Answer To: SEGI BAC Adv. Financial Accounting & Reporting 2 Coursework Questions. 1. You are the financial...
Robert answered on Dec 22 2021
Executive Summary ....................................................................................................................................... 2
Goodwill ........................................................................................................................................................ 2
Property revaluation model – basis of valuation .......................................................................................... 3
Development Expenditure ............................................................................................................................ 4
Finance Director’s remark ............................................................................................................................. 4
Reference ...................................................................................................................................................... 5
Executive Summary
This paper discusses the impact on the financial performance of DD, if it opts to prepare its financial
statement as per IFRS, specifically with respect to treatment of goodwill, property and development
expenditure.
Goodwill
Local GAAP: Normally, over a period of time, the value of goodwill varies along with the performance of
the business. If the demand for the product of the business purchased drops over a period of time, the
corresponding value of goodwill will diminishes. Alternatively, if the business progresses, the potential
benefit that could be derived from business would increase and accordingly the value of goodwill will
increase. However, such goodwill is never recognized in books as it results in accounting of internally
generated goodwill. So, the Malaysian GAAP advocates that goodwill should be amortized on a
systematic basis over the estimated useful life (MASB ED 28, Goodwill).
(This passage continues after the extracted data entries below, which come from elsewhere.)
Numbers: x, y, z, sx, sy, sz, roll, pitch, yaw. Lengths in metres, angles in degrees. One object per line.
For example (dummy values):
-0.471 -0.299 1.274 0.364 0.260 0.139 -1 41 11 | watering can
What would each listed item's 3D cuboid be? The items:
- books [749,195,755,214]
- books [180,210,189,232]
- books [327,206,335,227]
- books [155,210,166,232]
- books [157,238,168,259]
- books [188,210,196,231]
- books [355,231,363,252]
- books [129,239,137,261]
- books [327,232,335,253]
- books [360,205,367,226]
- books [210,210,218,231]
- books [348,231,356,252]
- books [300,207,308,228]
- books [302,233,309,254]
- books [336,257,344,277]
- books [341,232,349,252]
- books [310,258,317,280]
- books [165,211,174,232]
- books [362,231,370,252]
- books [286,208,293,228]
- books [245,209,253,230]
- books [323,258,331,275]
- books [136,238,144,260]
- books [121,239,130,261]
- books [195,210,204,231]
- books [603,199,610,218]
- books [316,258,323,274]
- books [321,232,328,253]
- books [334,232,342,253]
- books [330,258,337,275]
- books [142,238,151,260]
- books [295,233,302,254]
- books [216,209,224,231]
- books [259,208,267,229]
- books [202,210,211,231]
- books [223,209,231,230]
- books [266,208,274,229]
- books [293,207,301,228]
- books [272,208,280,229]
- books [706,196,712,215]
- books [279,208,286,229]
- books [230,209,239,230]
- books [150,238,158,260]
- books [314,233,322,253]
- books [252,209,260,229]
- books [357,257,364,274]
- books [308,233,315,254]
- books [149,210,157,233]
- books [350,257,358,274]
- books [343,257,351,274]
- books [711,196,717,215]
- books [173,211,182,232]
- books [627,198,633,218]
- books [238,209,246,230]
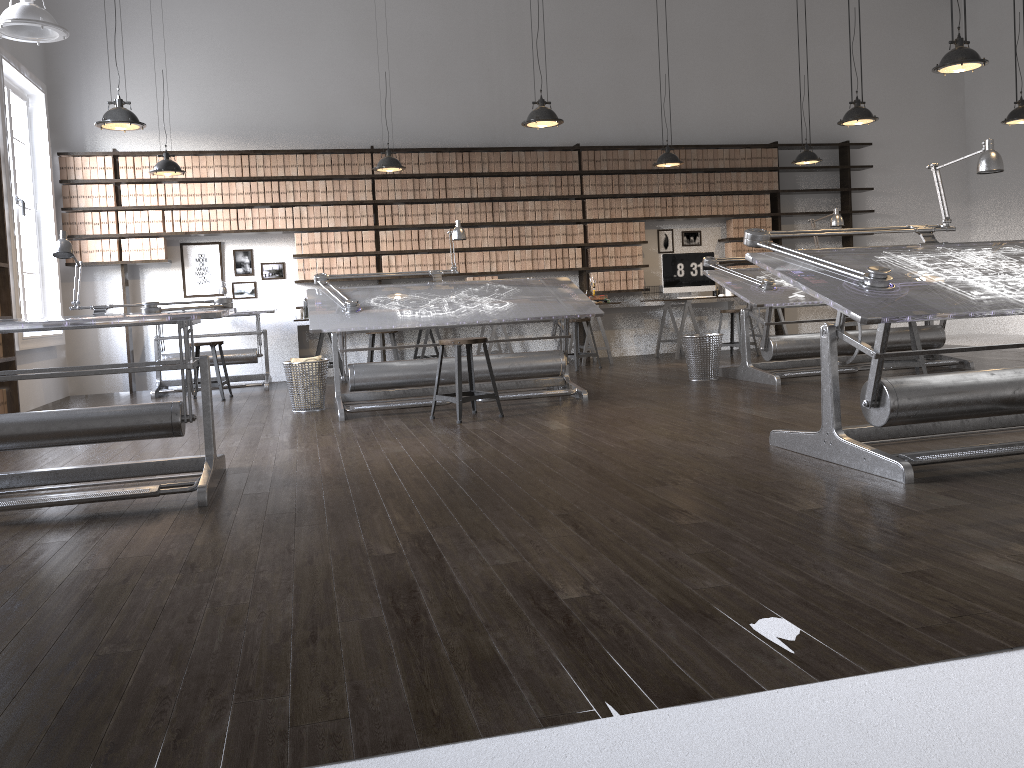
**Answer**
2.829 -2.140 10.602 0.067 0.225 0.175 -4 4 -13 | books
-3.371 -1.670 9.146 0.067 0.225 0.175 -4 4 -13 | books
-1.936 -1.785 9.482 0.067 0.225 0.175 -4 4 -13 | books
-3.605 -1.659 9.085 0.067 0.225 0.175 -4 4 -13 | books
-3.593 -1.384 9.103 0.067 0.225 0.175 -4 4 -13 | books
-3.304 -1.676 9.164 0.067 0.225 0.175 -4 4 -13 | books
-1.656 -1.529 9.560 0.067 0.225 0.175 -4 4 -13 | books
-3.854 -1.364 9.039 0.067 0.225 0.175 -4 4 -13 | books
-1.939 -1.508 9.493 0.067 0.225 0.175 -4 4 -13 | books
-1.606 -1.809 9.559 0.067 0.225 0.175 -4 4 -13 | books
-3.094 -1.690 9.206 0.067 0.225 0.175 -4 4 -13 | books
-1.727 -1.523 9.538 0.067 0.225 0.175 -4 4 -13 | books
-2.210 -1.764 9.418 0.067 0.225 0.175 -4 4 -13 | books
-2.198 -1.488 9.429 0.067 0.225 0.175 -4 4 -13 | books
-1.847 -1.244 9.521 0.067 0.225 0.175 -4 4 -13 | books
-1.801 -1.518 9.526 0.067 0.225 0.175 -4 4 -13 | books
-2.122 -1.223 9.456 0.067 0.225 0.175 -4 4 -13 | books
-3.519 -1.659 9.110 0.067 0.225 0.175 -4 4 -13 | books
-1.582 -1.534 9.575 0.067 0.225 0.175 -4 4 -13 | books
-2.356 -1.746 9.382 0.067 0.225 0.175 -4 4 -13 | books
-2.755 -1.716 9.288 0.067 0.225 0.175 -4 4 -13 | books
-1.984 -1.234 9.491 0.067 0.225 0.175 -4 4 -13 | books
-3.793 -1.369 9.055 0.067 0.225 0.175 -4 4 -13 | books
-3.924 -1.359 9.021 0.067 0.225 0.175 -4 4 -13 | books
-3.235 -1.680 9.176 0.067 0.225 0.175 -4 4 -13 | books
1.066 -2.008 10.189 0.067 0.225 0.175 -4 4 -13 | books
-2.051 -1.228 9.471 0.067 0.225 0.175 -4 4 -13 | books
-2.008 -1.502 9.477 0.067 0.225 0.175 -4 4 -13 | books
-1.869 -1.512 9.506 0.067 0.225 0.175 -4 4 -13 | books
-1.916 -1.239 9.508 0.067 0.225 0.175 -4 4 -13 | books
-3.727 -1.373 9.066 0.067 0.225 0.175 -4 4 -13 | books
-2.268 -1.483 9.411 0.067 0.225 0.175 -4 4 -13 | books
-3.033 -1.696 9.225 0.067 0.225 0.175 -4 4 -13 | books
-2.618 -1.727 9.325 0.067 0.225 0.175 -4 4 -13 | books
-3.164 -1.685 9.190 0.067 0.225 0.175 -4 4 -13 | books
-2.970 -1.700 9.242 0.067 0.225 0.175 -4 4 -13 | books
-2.552 -1.731 9.334 0.067 0.225 0.175 -4 4 -13 | books
-2.279 -1.759 9.398 0.067 0.225 0.175 -4 4 -13 | books
-2.488 -1.736 9.354 0.067 0.225 0.175 -4 4 -13 | books
2.288 -2.099 10.474 0.067 0.225 0.175 -4 4 -13 | books
-2.426 -1.741 9.367 0.067 0.225 0.175 -4 4 -13 | books
-2.897 -1.705 9.254 0.067 0.225 0.175 -4 4 -13 | books
-3.661 -1.379 9.089 0.067 0.225 0.175 -4 4 -13 | books
-2.072 -1.497 9.456 0.067 0.225 0.175 -4 4 -13 | books
-2.687 -1.722 9.308 0.067 0.225 0.175 -4 4 -13 | books
-1.646 -1.259 9.569 0.067 0.225 0.175 -4 4 -13 | books
-2.138 -1.493 9.445 0.067 0.225 0.175 -4 4 -13 | books
-3.668 -1.655 9.075 0.067 0.225 0.175 -4 4 -13 | books
-1.706 -1.254 9.550 0.067 0.225 0.175 -4 4 -13 | books
-1.776 -1.249 9.534 0.067 0.225 0.175 -4 4 -13 | books
2.358 -2.105 10.490 0.067 0.225 0.175 -4 4 -13 | books
-3.439 -1.665 9.126 0.067 0.225 0.175 -4 4 -13 | books
1.340 -2.029 10.254 0.067 0.225 0.175 -4 4 -13 | books
-2.825 -1.711 9.276 0.067 0.225 0.175 -4 4 -13 | books
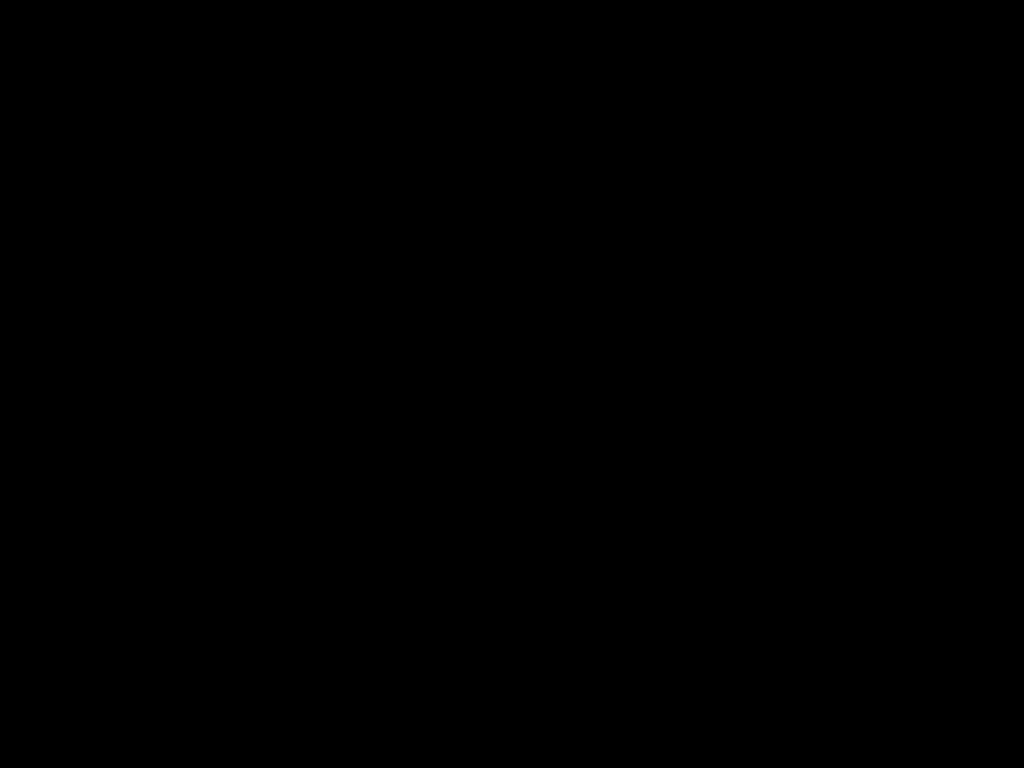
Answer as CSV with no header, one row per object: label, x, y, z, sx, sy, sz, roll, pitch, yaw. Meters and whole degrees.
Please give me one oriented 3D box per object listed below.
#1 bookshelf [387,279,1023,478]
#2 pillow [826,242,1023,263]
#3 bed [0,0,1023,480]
bookshelf,0.495,-0.035,1.946,1.495,0.303,0.643,1,4,37
pillow,0.594,-0.279,1.541,0.498,0.241,0.470,-1,3,2
bed,-0.607,-0.269,0.468,2.087,0.994,3.009,1,4,37
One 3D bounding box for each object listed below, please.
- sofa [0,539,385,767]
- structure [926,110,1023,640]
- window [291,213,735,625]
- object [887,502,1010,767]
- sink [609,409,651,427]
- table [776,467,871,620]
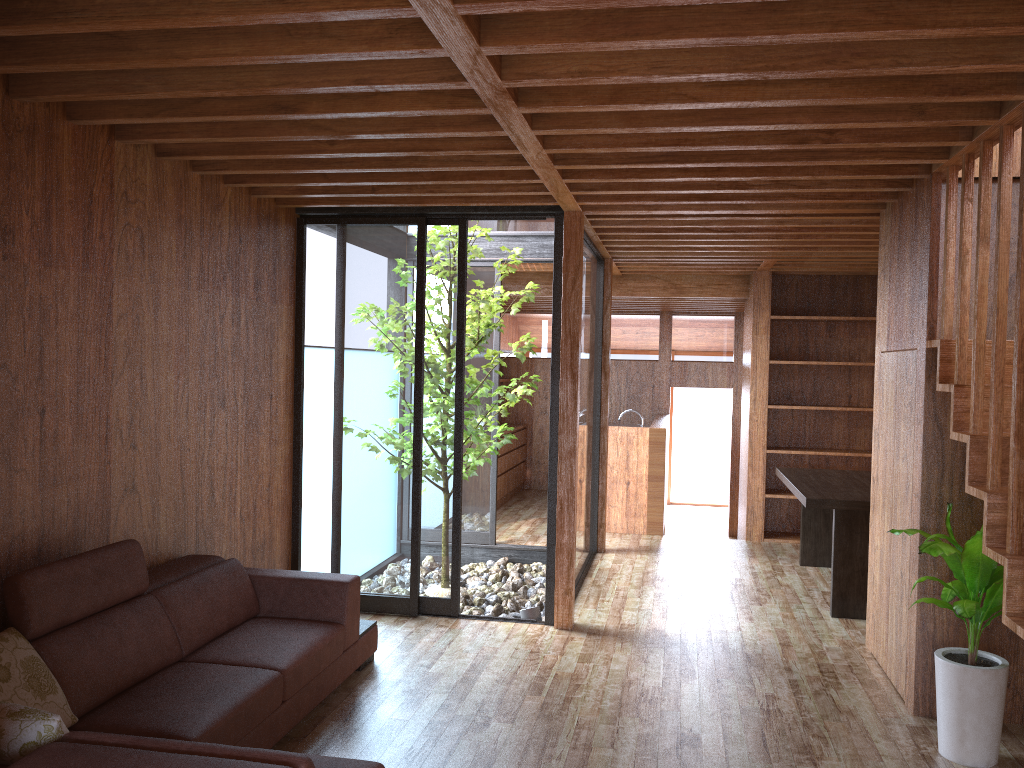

Accordingly, while following Malaysia GAAP for preparing financial statement, DD has amortized
goodwill systematically over 20 years, which is regarded as estimated useful life and charged $250
thousand to its profit and loss account. However, the useful life of goodwill must be reviewed by
management based on factors like foreseeable business and industry life cycle, impact of economic
factors, changes in product demand, impact of competitors’ strategy on DD’s goodwill and other factors
(MASB ED 28, Goodwill). Thereby the useful life of goodwill is regarded as finite, and the goodwill is
amortized over its estimated revised useful life. If in next financial years, if DD revises useful life of
goodwill, it must accordingly change the goodwill amortization period.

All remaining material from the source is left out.